▶ TASK ITEM
From the line containing "Meters and whole" through the last line of the entries, output the text exactly. Pictures stay out.
BEGIN
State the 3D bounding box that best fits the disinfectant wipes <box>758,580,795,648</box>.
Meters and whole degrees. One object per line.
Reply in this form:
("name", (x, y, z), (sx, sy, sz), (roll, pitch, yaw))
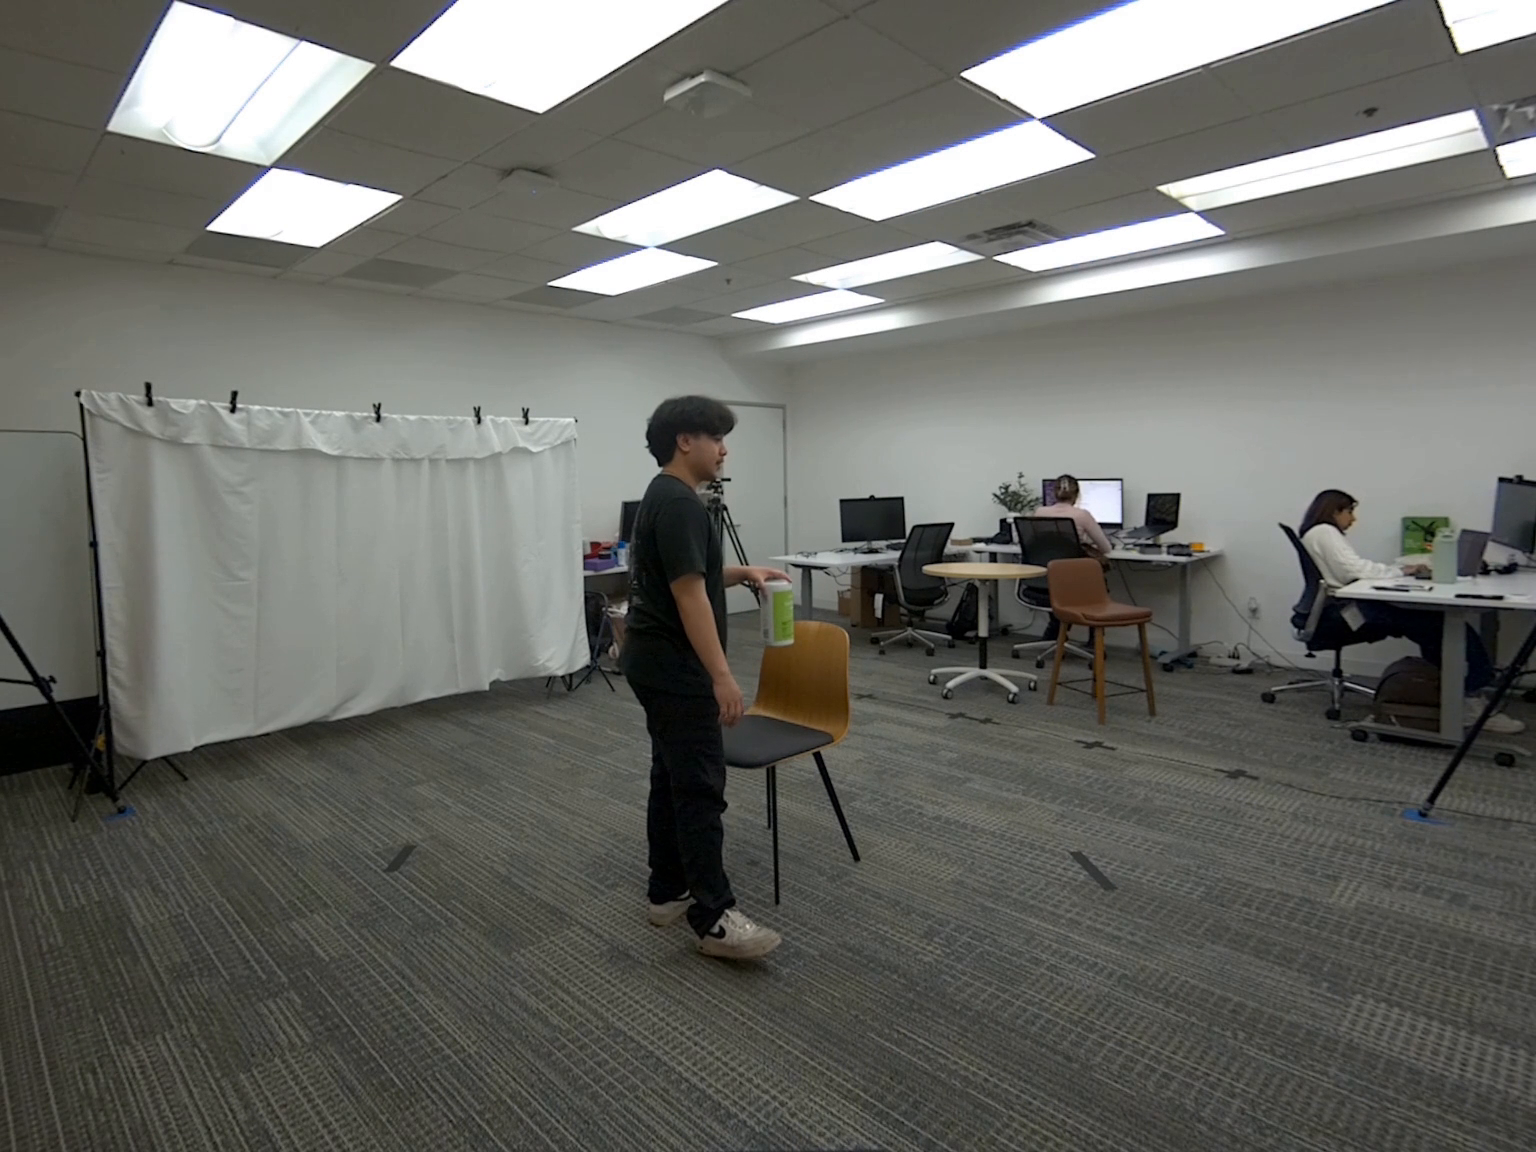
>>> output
("disinfectant wipes", (0.012, 0.120, 2.874), (0.118, 0.216, 0.118), (-2, 5, -2))
END
▶ RESULT
Meters and whole degrees. One object per line.
Reply in this form:
("name", (x, y, z), (sx, sy, sz), (roll, pitch, yaw))
>>> output
("disinfectant wipes", (0.012, 0.120, 2.874), (0.118, 0.216, 0.118), (-2, 5, -2))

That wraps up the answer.